What is shocking is how both the economic and romantic landscape has been transformed in the years since the Sexual Revolution. The "urban tribes" that Ethan Watters has so mythologized came about not because of some strange countercultural zeitgeist brewed up at Burning Man, but because our modern way of living and working has simultaneously alienated us from our families, neighborhoods, and other traditional means of support, atomized us into marketing niches, and Wal-Martized us into production units instead of employees. What we are likely to consume according to our age and gender has been scientifically calculated; our financial futures have not. And, as NYU sociologist Richard Sennett wrote in his 1998 The Corrosion of Character, the practice of treating people like pieces of fruit—eating the pulp and throwing away the peel (to paraphrase Willy Loman)—has led to a general decline in long-term thinking and commitment.
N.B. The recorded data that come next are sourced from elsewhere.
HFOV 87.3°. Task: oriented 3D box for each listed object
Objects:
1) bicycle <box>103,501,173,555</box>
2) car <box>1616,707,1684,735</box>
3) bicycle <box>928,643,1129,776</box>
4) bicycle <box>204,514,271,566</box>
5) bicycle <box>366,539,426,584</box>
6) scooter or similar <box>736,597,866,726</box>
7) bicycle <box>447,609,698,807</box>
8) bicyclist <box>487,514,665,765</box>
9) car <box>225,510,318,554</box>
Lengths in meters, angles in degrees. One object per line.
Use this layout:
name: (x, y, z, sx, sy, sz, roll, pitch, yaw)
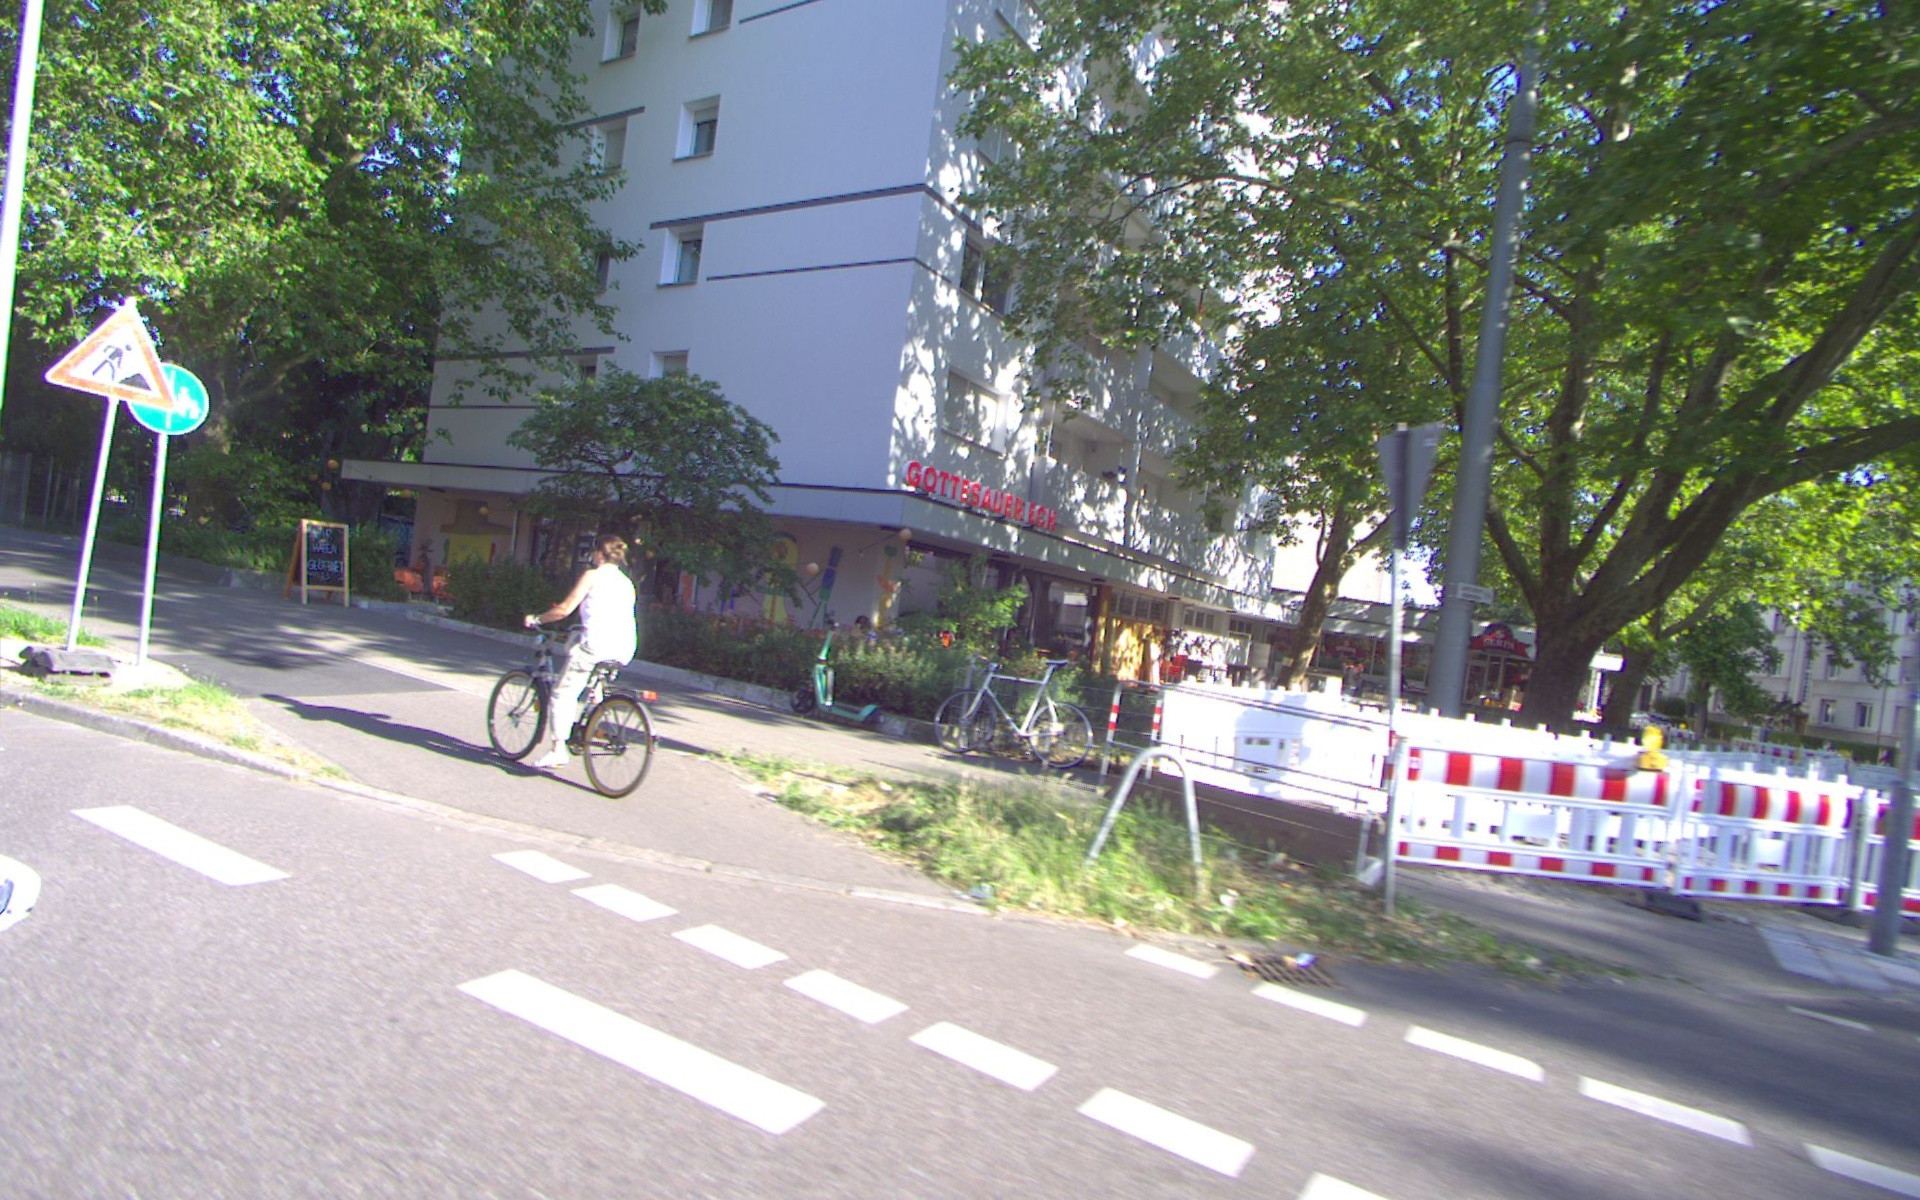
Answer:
bicycle: (-21.653, -1.900, 26.494, 1.791, 1.191, 0.790, 7, -2, 33)
car: (45.124, 7.895, 65.908, 1.899, 1.376, 4.445, 8, -2, 11)
bicycle: (0.700, 1.123, 10.501, 1.917, 1.039, 0.605, 9, 1, 1)
bicycle: (-20.303, -1.690, 28.261, 1.791, 1.191, 0.790, 7, -2, 33)
bicycle: (-17.955, -1.235, 32.036, 1.791, 1.191, 0.790, 7, -2, 33)
scooter or similar: (-1.805, 0.681, 11.399, 1.268, 1.273, 0.561, 7, 1, 30)
bicycle: (-2.698, 0.696, 6.928, 1.737, 1.039, 0.604, 7, 0, 32)
bicyclist: (-2.641, 0.262, 6.924, 0.846, 1.570, 0.604, 7, 0, 32)
car: (-32.841, -3.232, 47.976, 3.932, 1.469, 1.999, 7, -2, 30)
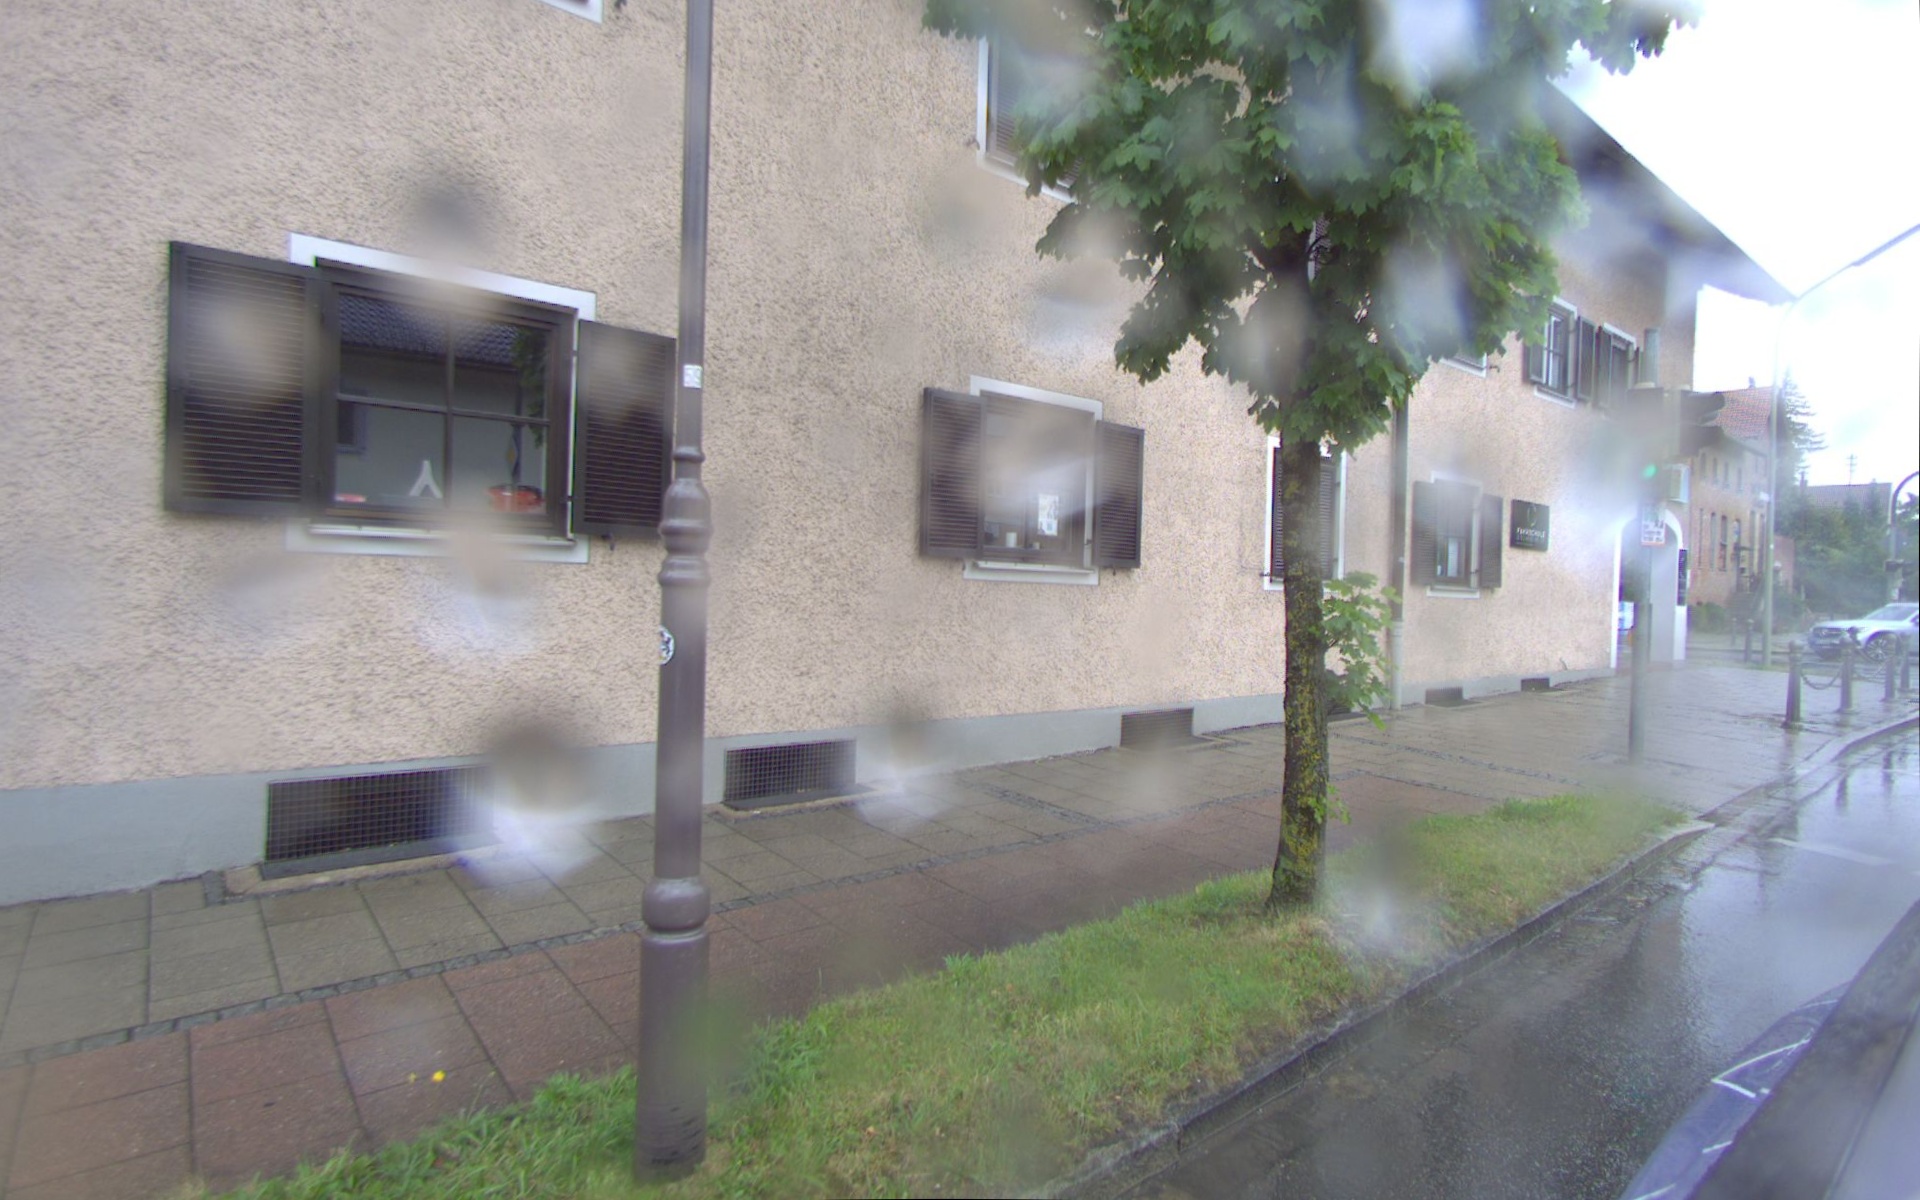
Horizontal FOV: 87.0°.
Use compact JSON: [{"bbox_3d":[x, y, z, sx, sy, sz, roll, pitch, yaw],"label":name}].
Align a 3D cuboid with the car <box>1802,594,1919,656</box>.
[{"bbox_3d":[25.373,0.678,26.728,4.532,1.517,1.734,2,1,7],"label":"car"}]

Faced with the pressures of free-market romance, the pressure to remain youthful and attractive, to keep up with sexual styles and fashions, has become overwhelming. Meanwhile, a large market of perpetual singles has meant that marketed hedonism, from Deep Throat to "erotic play parties" such as New York City's One Leg Up and CAKE, has become a profitable business. Nowhere is this more evident than in Internet personals, the drive-thrus of dating, which allow for a maximum payoff with a minimum of invested time. In the race to consume new experiences, people, and identities, we can now take the express checkout line.

If Congress and the Bush administration were serious about restoring "family values," they would do more than opiate the masses with slogans taken from Pat Robertson and Jerry Falwell; they would take steps to enable the middle class to perpetuate itself and its values. By eliminating the tax loopholes that enable billions of dollars to slip out of the public coffers, we could afford national health care, parental leave, childcare, and public education. By ensuring workers' rights, a living wage, and unemployment insurance, we could take the insecurity out of starting a family. The values of real social conservatism would, in fact, seem to be identical to those of social democracy.